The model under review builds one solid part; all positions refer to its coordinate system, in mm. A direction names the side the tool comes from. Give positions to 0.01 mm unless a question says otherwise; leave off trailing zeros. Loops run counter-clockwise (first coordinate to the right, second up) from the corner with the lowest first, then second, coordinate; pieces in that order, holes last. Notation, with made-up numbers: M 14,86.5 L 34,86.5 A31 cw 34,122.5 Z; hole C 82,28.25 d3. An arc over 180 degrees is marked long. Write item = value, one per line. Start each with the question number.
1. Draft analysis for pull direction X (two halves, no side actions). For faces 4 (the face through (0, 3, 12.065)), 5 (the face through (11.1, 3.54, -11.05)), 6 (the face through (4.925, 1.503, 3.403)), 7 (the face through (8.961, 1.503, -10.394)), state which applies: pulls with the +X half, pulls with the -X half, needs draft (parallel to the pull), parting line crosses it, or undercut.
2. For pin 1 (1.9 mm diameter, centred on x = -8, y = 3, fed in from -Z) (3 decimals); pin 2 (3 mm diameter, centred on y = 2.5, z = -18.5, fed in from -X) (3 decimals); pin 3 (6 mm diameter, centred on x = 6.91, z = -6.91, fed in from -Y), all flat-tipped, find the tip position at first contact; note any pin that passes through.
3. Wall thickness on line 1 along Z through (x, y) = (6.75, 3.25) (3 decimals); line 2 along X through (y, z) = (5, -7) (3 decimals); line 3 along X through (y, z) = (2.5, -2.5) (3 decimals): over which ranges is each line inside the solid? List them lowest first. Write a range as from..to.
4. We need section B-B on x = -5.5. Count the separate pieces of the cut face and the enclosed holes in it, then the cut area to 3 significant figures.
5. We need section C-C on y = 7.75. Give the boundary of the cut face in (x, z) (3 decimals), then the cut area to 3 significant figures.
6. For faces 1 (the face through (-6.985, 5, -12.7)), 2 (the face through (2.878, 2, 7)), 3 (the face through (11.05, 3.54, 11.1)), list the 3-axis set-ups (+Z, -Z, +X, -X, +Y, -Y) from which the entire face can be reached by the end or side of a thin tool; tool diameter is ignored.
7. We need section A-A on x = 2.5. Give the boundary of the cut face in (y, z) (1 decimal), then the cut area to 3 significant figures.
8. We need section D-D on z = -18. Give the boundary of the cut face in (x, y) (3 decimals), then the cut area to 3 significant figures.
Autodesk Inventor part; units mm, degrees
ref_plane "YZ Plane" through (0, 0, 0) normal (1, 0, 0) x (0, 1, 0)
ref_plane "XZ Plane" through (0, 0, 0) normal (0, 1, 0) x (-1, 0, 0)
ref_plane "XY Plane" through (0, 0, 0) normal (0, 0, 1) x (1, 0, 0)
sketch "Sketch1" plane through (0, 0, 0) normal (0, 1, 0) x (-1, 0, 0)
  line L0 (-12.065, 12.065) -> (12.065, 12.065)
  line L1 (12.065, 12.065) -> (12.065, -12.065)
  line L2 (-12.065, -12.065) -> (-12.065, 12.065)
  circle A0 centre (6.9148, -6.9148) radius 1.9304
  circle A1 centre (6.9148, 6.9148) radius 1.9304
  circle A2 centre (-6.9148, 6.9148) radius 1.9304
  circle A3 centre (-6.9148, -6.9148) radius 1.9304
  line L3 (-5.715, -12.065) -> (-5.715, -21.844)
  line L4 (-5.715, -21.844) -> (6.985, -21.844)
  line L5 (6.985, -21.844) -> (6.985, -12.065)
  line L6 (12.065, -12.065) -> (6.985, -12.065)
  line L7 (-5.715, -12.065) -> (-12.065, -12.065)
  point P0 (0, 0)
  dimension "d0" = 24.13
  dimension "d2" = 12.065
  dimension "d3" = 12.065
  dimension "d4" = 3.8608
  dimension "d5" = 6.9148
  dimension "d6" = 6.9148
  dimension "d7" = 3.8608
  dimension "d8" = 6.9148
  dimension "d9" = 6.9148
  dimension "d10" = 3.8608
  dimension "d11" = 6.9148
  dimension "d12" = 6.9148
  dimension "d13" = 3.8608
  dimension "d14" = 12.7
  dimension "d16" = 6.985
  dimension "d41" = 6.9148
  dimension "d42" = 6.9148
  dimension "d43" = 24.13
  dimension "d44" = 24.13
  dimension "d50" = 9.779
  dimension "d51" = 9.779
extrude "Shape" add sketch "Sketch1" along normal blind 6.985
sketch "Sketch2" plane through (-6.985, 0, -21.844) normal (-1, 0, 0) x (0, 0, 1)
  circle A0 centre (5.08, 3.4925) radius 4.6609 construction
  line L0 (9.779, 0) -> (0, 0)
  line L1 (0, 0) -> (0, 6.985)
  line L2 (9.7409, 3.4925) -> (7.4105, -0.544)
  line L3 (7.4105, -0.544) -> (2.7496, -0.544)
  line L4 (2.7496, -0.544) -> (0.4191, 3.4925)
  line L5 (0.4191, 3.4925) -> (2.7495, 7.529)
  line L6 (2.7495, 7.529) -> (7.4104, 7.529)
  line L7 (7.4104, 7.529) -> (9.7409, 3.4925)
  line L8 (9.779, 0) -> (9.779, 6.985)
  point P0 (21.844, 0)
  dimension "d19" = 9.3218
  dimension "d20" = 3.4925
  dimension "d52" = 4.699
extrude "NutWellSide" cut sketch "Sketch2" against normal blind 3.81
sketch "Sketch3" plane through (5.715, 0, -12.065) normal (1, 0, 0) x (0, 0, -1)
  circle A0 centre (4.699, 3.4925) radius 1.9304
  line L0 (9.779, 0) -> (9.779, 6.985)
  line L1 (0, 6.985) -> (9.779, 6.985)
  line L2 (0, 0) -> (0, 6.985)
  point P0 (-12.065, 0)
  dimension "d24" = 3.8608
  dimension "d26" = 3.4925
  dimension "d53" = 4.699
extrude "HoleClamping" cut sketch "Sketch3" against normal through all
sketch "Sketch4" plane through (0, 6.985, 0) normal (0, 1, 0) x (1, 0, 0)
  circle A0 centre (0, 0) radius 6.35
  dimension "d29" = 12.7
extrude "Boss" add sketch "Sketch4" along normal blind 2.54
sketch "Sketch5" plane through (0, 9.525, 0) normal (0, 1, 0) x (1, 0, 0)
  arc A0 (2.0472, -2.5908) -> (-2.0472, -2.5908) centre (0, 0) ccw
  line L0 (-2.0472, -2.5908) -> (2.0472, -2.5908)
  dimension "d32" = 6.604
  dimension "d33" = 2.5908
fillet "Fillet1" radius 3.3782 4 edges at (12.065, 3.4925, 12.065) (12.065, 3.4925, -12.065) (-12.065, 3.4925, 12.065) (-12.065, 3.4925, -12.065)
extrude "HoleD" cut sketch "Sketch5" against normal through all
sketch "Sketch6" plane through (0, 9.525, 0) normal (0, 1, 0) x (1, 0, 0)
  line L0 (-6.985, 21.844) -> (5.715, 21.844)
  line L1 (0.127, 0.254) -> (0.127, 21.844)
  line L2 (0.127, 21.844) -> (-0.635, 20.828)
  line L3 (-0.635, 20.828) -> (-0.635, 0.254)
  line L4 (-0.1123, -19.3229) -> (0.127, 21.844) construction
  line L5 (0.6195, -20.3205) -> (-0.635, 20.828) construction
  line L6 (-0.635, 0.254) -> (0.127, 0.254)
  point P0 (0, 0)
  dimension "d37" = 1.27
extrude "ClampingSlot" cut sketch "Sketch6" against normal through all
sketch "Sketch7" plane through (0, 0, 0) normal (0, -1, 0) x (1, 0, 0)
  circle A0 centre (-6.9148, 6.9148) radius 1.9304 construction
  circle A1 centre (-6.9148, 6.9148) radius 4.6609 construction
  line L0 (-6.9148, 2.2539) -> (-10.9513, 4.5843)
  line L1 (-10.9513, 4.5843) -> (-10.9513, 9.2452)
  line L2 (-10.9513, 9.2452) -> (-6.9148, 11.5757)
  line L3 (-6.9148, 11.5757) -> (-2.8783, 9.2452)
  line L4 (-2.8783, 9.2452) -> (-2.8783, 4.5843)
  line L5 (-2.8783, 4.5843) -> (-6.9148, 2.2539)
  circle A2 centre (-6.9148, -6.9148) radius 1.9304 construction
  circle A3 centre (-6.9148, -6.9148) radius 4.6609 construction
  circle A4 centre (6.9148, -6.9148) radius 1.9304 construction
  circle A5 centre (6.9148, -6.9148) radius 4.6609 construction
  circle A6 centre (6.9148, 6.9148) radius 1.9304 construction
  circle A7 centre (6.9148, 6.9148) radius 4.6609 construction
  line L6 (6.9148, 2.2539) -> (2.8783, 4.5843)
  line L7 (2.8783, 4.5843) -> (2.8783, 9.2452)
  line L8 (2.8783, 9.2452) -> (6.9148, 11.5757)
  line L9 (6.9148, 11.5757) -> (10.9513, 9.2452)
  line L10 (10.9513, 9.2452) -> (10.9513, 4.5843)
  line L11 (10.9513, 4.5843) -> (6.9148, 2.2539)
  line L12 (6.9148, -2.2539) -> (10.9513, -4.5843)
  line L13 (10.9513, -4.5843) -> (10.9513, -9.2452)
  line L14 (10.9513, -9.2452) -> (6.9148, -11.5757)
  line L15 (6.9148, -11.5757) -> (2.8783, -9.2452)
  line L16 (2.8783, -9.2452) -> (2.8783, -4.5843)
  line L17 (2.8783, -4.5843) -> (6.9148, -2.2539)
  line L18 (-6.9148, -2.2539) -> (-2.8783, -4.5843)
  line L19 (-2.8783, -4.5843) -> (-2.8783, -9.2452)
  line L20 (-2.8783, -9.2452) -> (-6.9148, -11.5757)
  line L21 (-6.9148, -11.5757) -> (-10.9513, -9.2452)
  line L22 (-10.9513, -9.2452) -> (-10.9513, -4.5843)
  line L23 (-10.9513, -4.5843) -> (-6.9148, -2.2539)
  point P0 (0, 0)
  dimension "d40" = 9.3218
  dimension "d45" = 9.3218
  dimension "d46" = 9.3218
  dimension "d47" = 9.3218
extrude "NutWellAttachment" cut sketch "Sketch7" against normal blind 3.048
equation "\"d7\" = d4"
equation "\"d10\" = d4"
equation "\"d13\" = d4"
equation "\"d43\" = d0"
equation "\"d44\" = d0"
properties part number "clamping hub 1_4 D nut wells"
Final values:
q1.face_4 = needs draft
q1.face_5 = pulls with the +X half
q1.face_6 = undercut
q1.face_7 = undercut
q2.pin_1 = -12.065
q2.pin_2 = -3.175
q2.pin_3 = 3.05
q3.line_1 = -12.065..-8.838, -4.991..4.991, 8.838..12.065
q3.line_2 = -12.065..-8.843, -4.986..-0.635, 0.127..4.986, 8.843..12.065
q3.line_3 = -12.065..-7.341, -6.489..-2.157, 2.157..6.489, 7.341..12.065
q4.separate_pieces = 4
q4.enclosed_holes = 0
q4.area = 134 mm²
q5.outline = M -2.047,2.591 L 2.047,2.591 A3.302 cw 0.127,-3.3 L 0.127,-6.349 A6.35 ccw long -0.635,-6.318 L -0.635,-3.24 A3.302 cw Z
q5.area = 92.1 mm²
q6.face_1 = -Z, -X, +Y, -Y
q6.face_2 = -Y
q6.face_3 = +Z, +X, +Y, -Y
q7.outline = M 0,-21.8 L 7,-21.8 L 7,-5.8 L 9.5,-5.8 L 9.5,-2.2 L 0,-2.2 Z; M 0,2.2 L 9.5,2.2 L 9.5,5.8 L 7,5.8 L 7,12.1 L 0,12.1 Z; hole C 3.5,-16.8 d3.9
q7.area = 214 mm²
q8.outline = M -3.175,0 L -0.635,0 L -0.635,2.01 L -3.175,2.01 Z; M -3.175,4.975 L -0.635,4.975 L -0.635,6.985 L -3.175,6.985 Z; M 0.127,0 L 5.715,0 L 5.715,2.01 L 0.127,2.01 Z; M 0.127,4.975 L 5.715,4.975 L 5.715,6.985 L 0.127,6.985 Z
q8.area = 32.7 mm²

:::

**Task instructions:**
Which lines in the listing have the string "outline"? Pick them out and copy them.

**Result:**
q5.outline = M -2.047,2.591 L 2.047,2.591 A3.302 cw 0.127,-3.3 L 0.127,-6.349 A6.35 ccw long -0.635,-6.318 L -0.635,-3.24 A3.302 cw Z
q7.outline = M 0,-21.8 L 7,-21.8 L 7,-5.8 L 9.5,-5.8 L 9.5,-2.2 L 0,-2.2 Z; M 0,2.2 L 9.5,2.2 L 9.5,5.8 L 7,5.8 L 7,12.1 L 0,12.1 Z; hole C 3.5,-16.8 d3.9
q8.outline = M -3.175,0 L -0.635,0 L -0.635,2.01 L -3.175,2.01 Z; M -3.175,4.975 L -0.635,4.975 L -0.635,6.985 L -3.175,6.985 Z; M 0.127,0 L 5.715,0 L 5.715,2.01 L 0.127,2.01 Z; M 0.127,4.975 L 5.715,4.975 L 5.715,6.985 L 0.127,6.985 Z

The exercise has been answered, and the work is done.